Overview[edit | edit source]

When discussing Occam's razor in contemporary medicine, doctors and philosophers of medicine speak of diagnostic parsimony. Diagnostic parsimony advocates that when diagnosing a given injury, ailment, illness, or disease a doctor should strive to look for the fewest possible causes that will account for all the symptoms. However, this principle has very important limits in medical practice. The actual process that occurs when diagnosing a patient is a continuous flow of hypothesis and testing of that hypothesis, then modifying the hypothesis, and so on. In the context of this method, the principle of Hickam's dictum asserts that at no stage should a particular diagnosis be excluded solely because it does not appear to fit the principle of Occam's razor. The principle of Occam's razor, or parsimony, does not demand that the diagnostician necessarily opt for the simplest explanation, but instead guides the medical practitioner to seek explanations, without unnecessary additional assumptions, which are capable of accounting for all relevant evidence.

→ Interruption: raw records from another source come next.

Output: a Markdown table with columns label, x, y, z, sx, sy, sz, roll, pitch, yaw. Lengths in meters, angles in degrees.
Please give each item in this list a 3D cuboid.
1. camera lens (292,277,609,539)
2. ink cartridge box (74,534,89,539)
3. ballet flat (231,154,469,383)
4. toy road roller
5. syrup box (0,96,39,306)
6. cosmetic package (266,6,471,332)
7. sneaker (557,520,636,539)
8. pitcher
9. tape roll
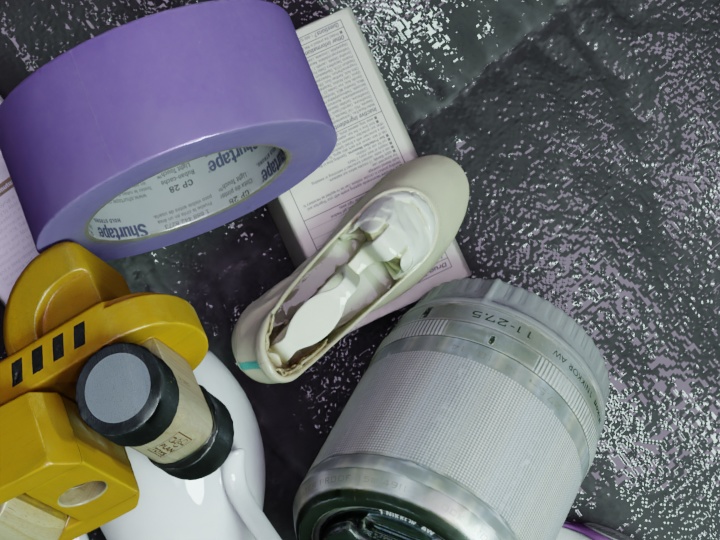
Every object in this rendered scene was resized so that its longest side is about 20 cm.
| label | x | y | z | sx | sy | sz | roll | pitch | yaw |
| --- | --- | --- | --- | --- | --- | --- | --- | --- | --- |
| camera lens | 0.060 | 0.125 | 1.471 | 0.160 | 0.160 | 0.201 | 36 | 52 | -7 |
| ink cartridge box | -0.238 | 0.227 | 1.504 | 0.146 | 0.086 | 0.201 | -20 | 92 | -9 |
| ballet flat | 0.000 | 0.000 | 1.492 | 0.200 | 0.069 | 0.070 | -45 | 96 | -8 |
| toy road roller | -0.186 | 0.077 | 1.410 | 0.199 | 0.123 | 0.147 | -29 | 65 | 9 |
| syrup box | -0.258 | -0.075 | 1.514 | 0.081 | 0.079 | 0.201 | -35 | 94 | -9 |
| cosmetic package | -0.015 | -0.065 | 1.561 | 0.103 | 0.073 | 0.201 | -24 | 93 | -10 |
| sneaker | 0.131 | 0.218 | 1.585 | 0.199 | 0.075 | 0.100 | 16 | 92 | -1 |
| pitcher | -0.100 | 0.155 | 1.492 | 0.121 | 0.171 | 0.202 | -14 | 92 | -43 |
| tape roll | -0.121 | -0.084 | 1.422 | 0.199 | 0.200 | 0.085 | -19 | 77 | -10 |

A key reason for using Hickam's dictum as a limiting principle to that of Occam's razor is that it is often statistically more likely that a patient has several common diseases rather than having a single, rarer disease that explains their myriad symptoms. Another key reason is that, independent of statistical likelihood, some patients do in fact turn out to have multiple diseases. In such cases, multiple categories of diagnosis may indeed have independent causes rather than a single source, i.e., may be due to separate events or combinations of events to which the patient may have been subjected or exposed. Thus, Hickam's dictum provides physicians with a counterbalancing principle to the unfettered use of Occam's razor in diagnosis. For example, Theodore Dalrymple, a career physician turned social critic, has written that multiple diseases or illnesses are the rule rather than the exception.[5] He contends that adherence to medical parsimony is "a matter of taste more than of truth," and that patients are routinely misdiagnosed by clinicians who insist on finding a single underlying cause for multiple symptoms.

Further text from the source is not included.